Dashboard creation in SharePoint - What, How and Why?

24 November, 2021 Education

Dashboard creation in SharePoint - What, How and Why?

 

As an incredibly versatile web-based collaboration platform, SharePoint has remained an important tool for many different companies, from smaller local businesses to larger enterprises. Even today, SharePoint's capabilities in different collaboration-based fields are vast and extensive. A good example of such capabilities is SharePoint dashboards, providing the ability to perform many different tasks related to centralized administration.

 

Generally speaking, the main purpose of a dashboard in SharePoint is to provide an overview of several different sources of information in such a form that it's easy to digest. Possibly the most important parameter that SharePoint is capable of providing is KPI or Key Performance Indicator. The problem here is that calculating or visualizing KPIs is a process that is performed via aggregating and calculating data from multiple sources in real-time.

 

On the other hand, there are still two main versions of SharePoint out there - SharePoint Online and SharePoint on-premise (2016, 2019, etc.), and SharePoint Online users don't have as many problems with data aggregation as on-premise SharePoint users have. The difference here lies in the way the aggregation process works.

 

When it comes to on-premise SharePoint versions, the entirety of the aggregation processes would be performed at the company's own servers - which is known to cause some delays in viewing data since SharePoint pulls all of it at the same time. Alternatively, SharePoint Online users have a much easier life in this regard, since all of the calculations are done server-side, which makes the problem of delays before aggregating data that much less significant.

 

Since the entire point of a dashboard is to provide a quick overview of the situation in your company or in a specific part of it (including both positive parts and downsides) - to help stakeholders with making decisions that are time-sensitive, for example - SharePoint Online seems like a far better choice from this perspective.

 

Another important point for dashboards in SharePoint is what is being shown in the first place - the data. It's not uncommon for information gathering to be the hardest part of the process - when dashboard generation with SharePoint seems easy in comparison.

 

The main point of a dashboard, in general, is all about being representative of the current state of a company - with the addition of some other information, be it your future goals, your up-to-date status as an organization, and more. Just throwing a bunch of indicators in one place is not necessarily a good representation of how the company is doing right now.

 

One more topic of consideration here is objectivity. It's not uncommon for dashboards to be used to make a lot of decisions, some of which could affect the entire company as a whole in the future. From this standpoint, one mistake could lead an entire company to its downfall, and this is why everything has to be objective and representative of the current state of a company.

 

A good starting point for such dashboards is your business' strongest parameter - employee count, revenue, number of resolved support tickets, you name it. After that, try and expand this parameter by finding out what led to your strongest parameter being the way it is - it can be a number of generated leads, number of employment offers, quality of education and training, or pretty much anything else.

 

Then try and work out what affects these particular parameters, and work your way through it all. This could easily work as a starting point for your dashboard and you can build off of that to create a comprehensive but fair dashboard for your company.

 

Now that we have the theoretical part of a dashboard out of the way, we can start working on the visuals for our dashboard.

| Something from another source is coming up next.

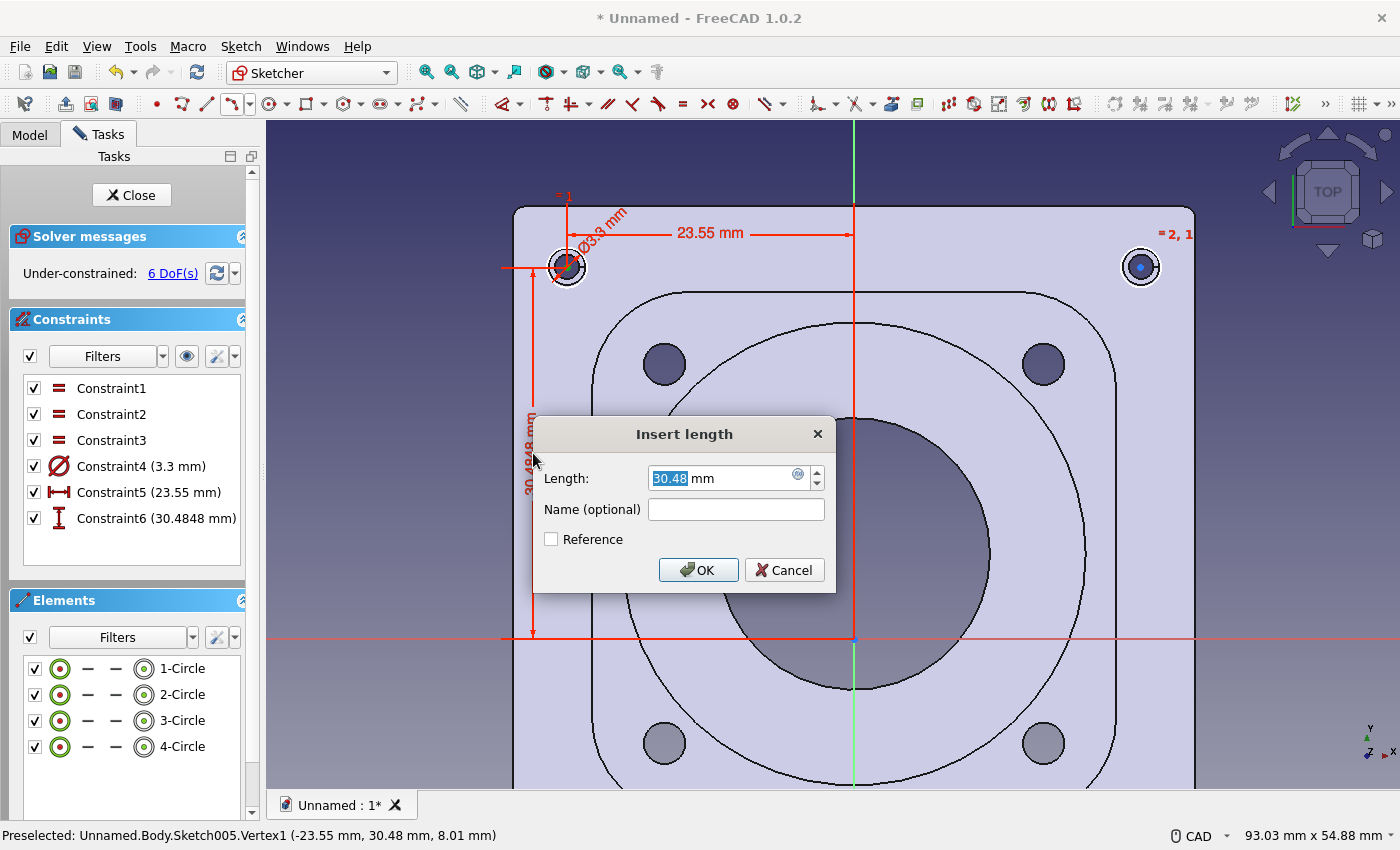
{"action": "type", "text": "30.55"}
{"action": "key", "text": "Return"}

There is a wide array of different ways to create a layout of your data to generate a dashboard out of it, but it's not particularly surprising that one of the easiest ways to do it is using another Microsoft product - Microsoft Excel.

 

The process itself is fairly simple - all you have to do is to fill an Excel file with all of your data and upload that file into SharePoint, and you'll have yourself a SharePoint dashboard in no time. It also helps that Excel on its own is an incredibly versatile tool, offering many different ways to visualize information, including diagrams, tables, and more.

 

Information visualization is a relatively creative job, and it's not uncommon for people to run out of ideas when working on a dashboard or some other similar task. Luckily enough, Internet has no shortage of various examples of diagrams, charts, and dashboards - you're always just a single Google search away from a practically endless source of inspiration.

 

After you're done setting up visuals for your dashboard in MS Excel, it's now time to upload it into SharePoint. In this example, we're using SharePoint Online as a reference, so our first step would be to upload said Excel file into our SharePoint document library. Additionally, it's not a bad idea to check if the Excel file that you've just uploaded has its default cursor position set at A1 to avoid various page display and visualization problems.

 

After that, you're free to create a dashboard page out of your newly uploaded Excel file - you might need to change this file's permissions for that, though. In our scenario, we can easily add a new web part in SharePoint by clicking a plus icon in our SharePoint Online interface - and the object type that we're looking for is File Viewer, which would allow us to showcase a dashboard we made using an Excel file.

 

That being said, Excel is not the only option on the market - and it does not have some of the more unusual tools for dashboard creation that you may or may not need for your company. This is where the extensive third-party charting tools market comes in, offering a wide variety of dashboard creators from different software providers - including both standalone companies and massive corporations like Google.